AMERICAN JABBERWOCK AND A SLING-SHOT

By rohjo  Posted by Robert Johnson (about the submitter)   5 comments
Message Robert Johnson

Beware the Jabberwock, my son! The jaws that bite, the claws that catch~~--Lewis Carroll (Through the Looking-Glass and What Alice Found There,1872)

Our President sends us amazing messages of hope in the slippery world of mass communications. Public uplift is palpable in a time when “hope” and “change” are often buzzwords for falling back or stepping in place. So, reading between the lines, where is the hope?

In the American dream, media tend to whitewash American failures or paint them as successes -- informed citizens make poor consumers of public relations.
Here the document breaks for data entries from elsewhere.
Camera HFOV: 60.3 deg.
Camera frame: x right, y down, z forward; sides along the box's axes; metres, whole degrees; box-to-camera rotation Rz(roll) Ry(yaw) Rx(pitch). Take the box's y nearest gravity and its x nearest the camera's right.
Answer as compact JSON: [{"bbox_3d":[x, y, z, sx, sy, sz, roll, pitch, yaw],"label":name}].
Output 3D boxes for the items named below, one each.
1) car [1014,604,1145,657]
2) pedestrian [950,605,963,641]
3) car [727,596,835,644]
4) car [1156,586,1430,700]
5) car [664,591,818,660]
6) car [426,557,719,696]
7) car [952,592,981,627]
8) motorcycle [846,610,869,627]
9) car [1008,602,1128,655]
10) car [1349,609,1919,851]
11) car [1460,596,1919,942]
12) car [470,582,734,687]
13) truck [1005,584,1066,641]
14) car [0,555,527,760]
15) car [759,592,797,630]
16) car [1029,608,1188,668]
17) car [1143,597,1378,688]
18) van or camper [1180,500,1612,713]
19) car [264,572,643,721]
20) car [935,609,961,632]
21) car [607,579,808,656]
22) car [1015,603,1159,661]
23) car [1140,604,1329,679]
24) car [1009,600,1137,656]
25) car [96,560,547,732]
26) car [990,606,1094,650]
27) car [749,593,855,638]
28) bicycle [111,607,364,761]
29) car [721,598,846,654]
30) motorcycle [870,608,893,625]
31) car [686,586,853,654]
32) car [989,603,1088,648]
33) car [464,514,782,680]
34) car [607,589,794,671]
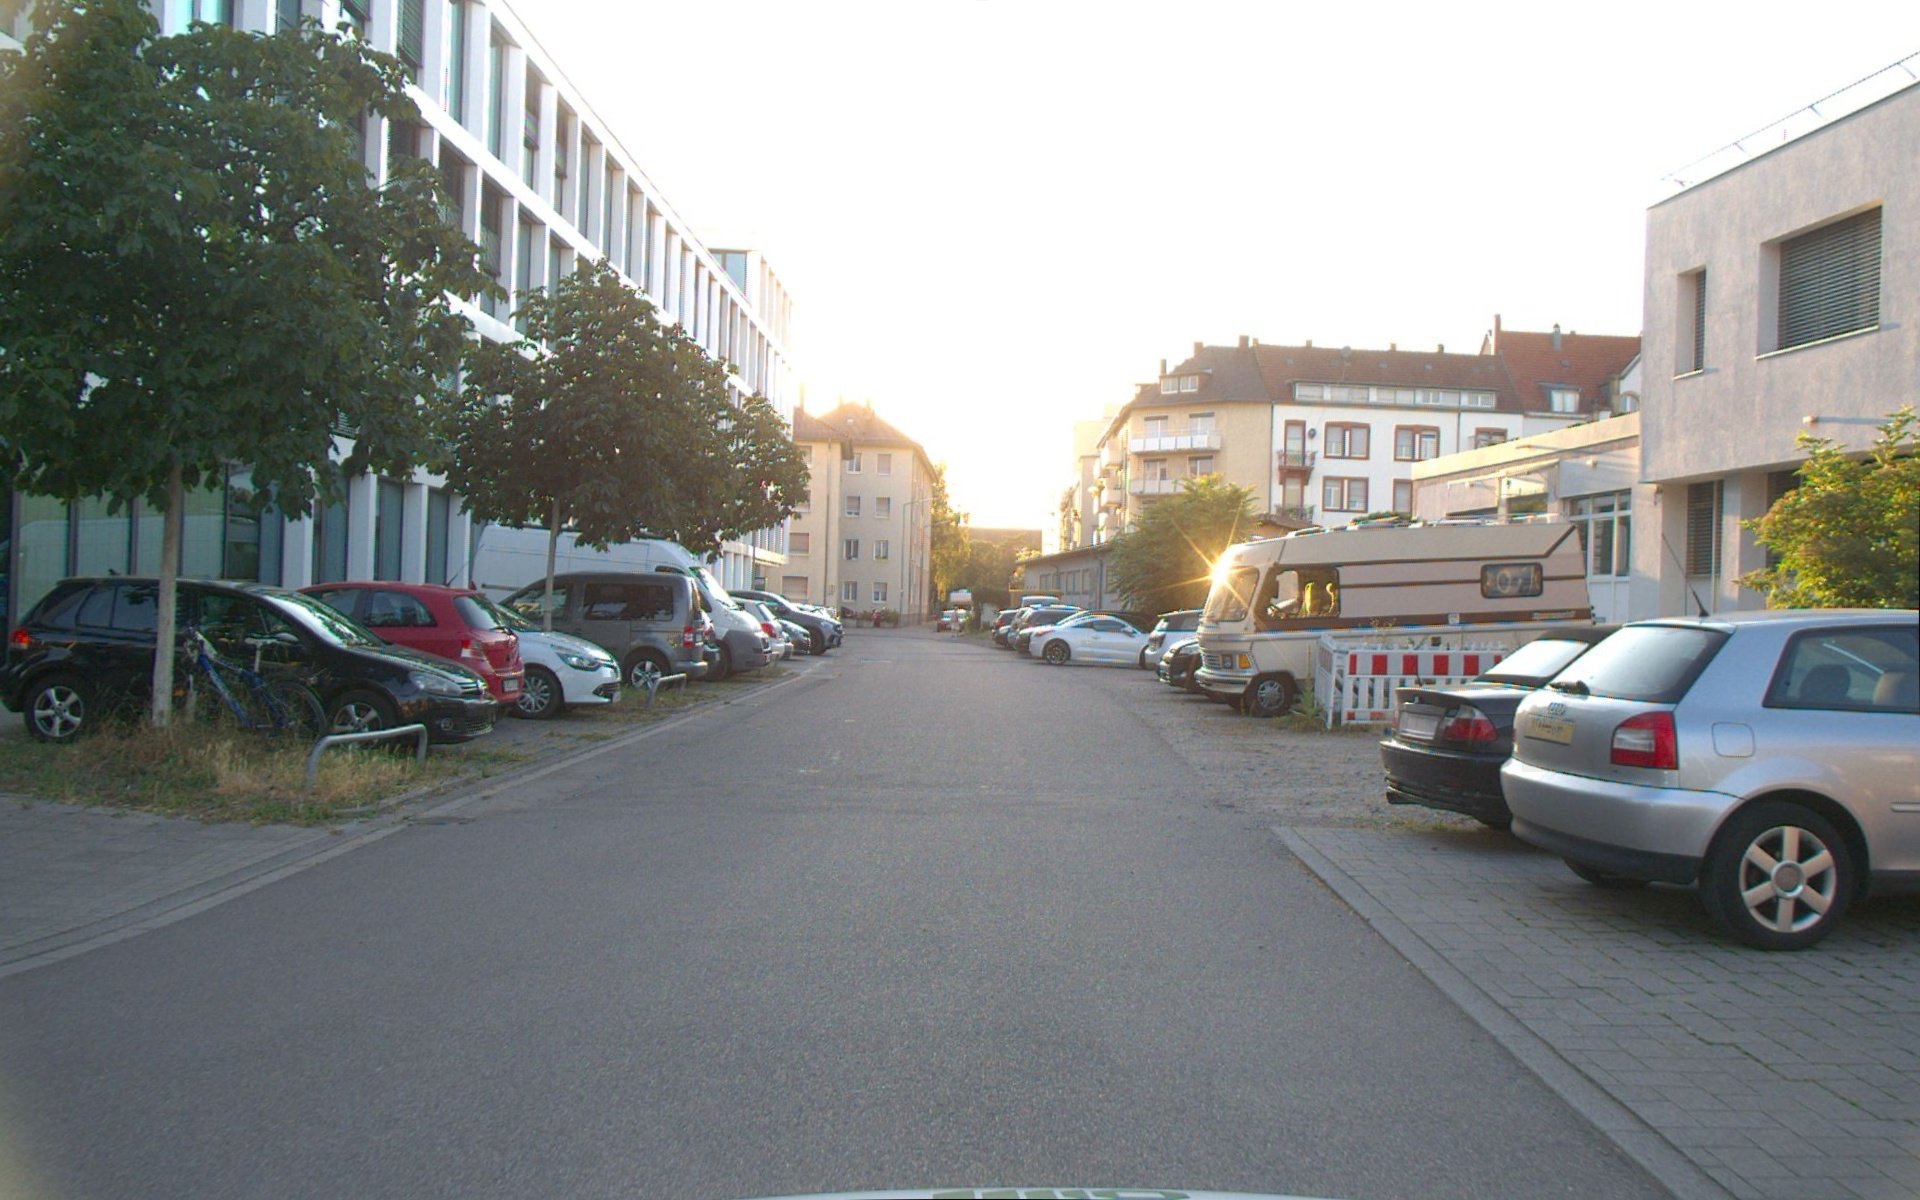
[{"bbox_3d":[3.733,0.955,51.950,3.903,1.471,1.826,3,-1,-2],"label":"car"},{"bbox_3d":[-0.198,1.335,94.980,0.562,2.049,0.556,2,0,20],"label":"pedestrian"},{"bbox_3d":[-6.366,0.702,59.084,3.580,1.537,1.687,3,0,0],"label":"car"},{"bbox_3d":[5.413,0.690,27.309,4.152,1.771,1.968,0,-1,2],"label":"car"},{"bbox_3d":[-5.579,0.644,42.523,3.705,1.549,1.693,3,0,-2],"label":"car"},{"bbox_3d":[-5.814,0.385,25.230,4.027,1.848,1.814,3,0,-4],"label":"car"},{"bbox_3d":[0.649,0.899,160.883,2.565,3.326,7.698,0,0,2],"label":"car"},{"bbox_3d":[-6.887,1.238,110.941,0.708,1.098,2.080,2,-1,22],"label":"motorcycle"},{"bbox_3d":[3.697,0.975,57.197,3.905,1.637,1.938,3,0,-3],"label":"car"},{"bbox_3d":[4.805,0.759,10.406,4.230,1.357,1.895,1,-1,-4],"label":"car"},{"bbox_3d":[4.696,0.707,7.984,3.975,1.432,1.895,0,0,-4],"label":"car"},{"bbox_3d":[-5.910,0.559,27.684,4.027,1.525,1.773,3,0,-4],"label":"car"},{"bbox_3d":[3.085,0.516,68.756,2.055,2.239,5.708,2,0,-2],"label":"truck"},{"bbox_3d":[-6.184,0.481,14.898,4.025,1.545,1.844,3,0,-2],"label":"car"},{"bbox_3d":[-10.317,0.614,94.152,1.762,2.014,4.687,2,0,-2],"label":"car"},{"bbox_3d":[3.931,1.005,44.334,4.116,1.391,1.823,3,0,2],"label":"car"},{"bbox_3d":[5.455,0.756,30.285,3.927,1.591,1.710,1,0,-6],"label":"car"},{"bbox_3d":[6.275,0.112,24.303,5.665,2.914,2.485,1,-1,-3],"label":"van or camper"},{"bbox_3d":[-6.096,0.540,20.245,4.025,1.545,1.780,3,0,-1],"label":"car"},{"bbox_3d":[-0.829,1.424,115.511,1.807,1.499,4.078,1,0,0],"label":"car"},{"bbox_3d":[-5.727,0.391,37.877,4.219,1.521,1.795,3,0,1],"label":"car"},{"bbox_3d":[3.755,0.956,49.520,4.117,1.529,1.889,3,-1,-1],"label":"car"},{"bbox_3d":[5.724,0.846,34.737,3.631,1.505,1.711,1,0,-4],"label":"car"},{"bbox_3d":[3.705,0.924,54.679,3.907,1.647,1.825,3,0,-6],"label":"car"},{"bbox_3d":[-6.697,0.464,17.689,4.025,1.545,1.845,3,0,-1],"label":"car"},{"bbox_3d":[3.046,1.057,62.046,3.685,1.470,1.844,3,-1,-3],"label":"car"},{"bbox_3d":[-6.060,0.594,63.665,3.846,1.537,1.688,3,0,1],"label":"car"},{"bbox_3d":[-5.595,0.641,12.852,1.661,1.084,0.566,3,0,0],"label":"bicycle"},{"bbox_3d":[-5.462,0.789,51.467,3.590,1.537,1.697,3,0,3],"label":"car"},{"bbox_3d":[-5.400,1.139,113.389,0.675,1.181,2.032,1,-1,25],"label":"motorcycle"},{"bbox_3d":[-5.574,0.562,48.765,4.522,1.736,2.005,3,0,3],"label":"car"},{"bbox_3d":[3.037,0.985,64.489,3.683,1.562,1.891,3,1,-1],"label":"car"},{"bbox_3d":[-6.090,-0.063,30.378,5.270,2.678,2.078,3,0,1],"label":"car"},{"bbox_3d":[-5.469,0.616,35.161,3.632,1.521,1.707,3,0,-1],"label":"car"}]

Otherwise, playing our hopes, dreams and fears (like color-coding vague states of danger) is good marketing -- anxious, uncertain citizens can be sold almost anything.

Toxic sludge is good for us, gene manipulation improves nature, polar ice caps are melting to provide us new oil fields in the arctic, data imparts wisdom, wealth confers worth, some institutions are too big to fail, we are winning the endless war for peace, and national security trumps civil liberties, health care, education and jobs.

We suffer these conundrums, taking hits to the head daily, and may fail to connect some dots:

·  Most media are corporate.

·  By law, corporations must seek maximum profit for shareholders.

·  War funded by taxpayers; private health care; and deregulation of trade, banking, utility and environmental safeguards are good for corporate profit. 

·  Corporations are the constituency, in effect, of elected officials through campaign contributions and so-called soft money. Network news, interlocking boards, and revolving doors between business and government dominate democratic process.

·  Media are sponsored mainly by the military-industrial complex. Some media owners are principals of this complex.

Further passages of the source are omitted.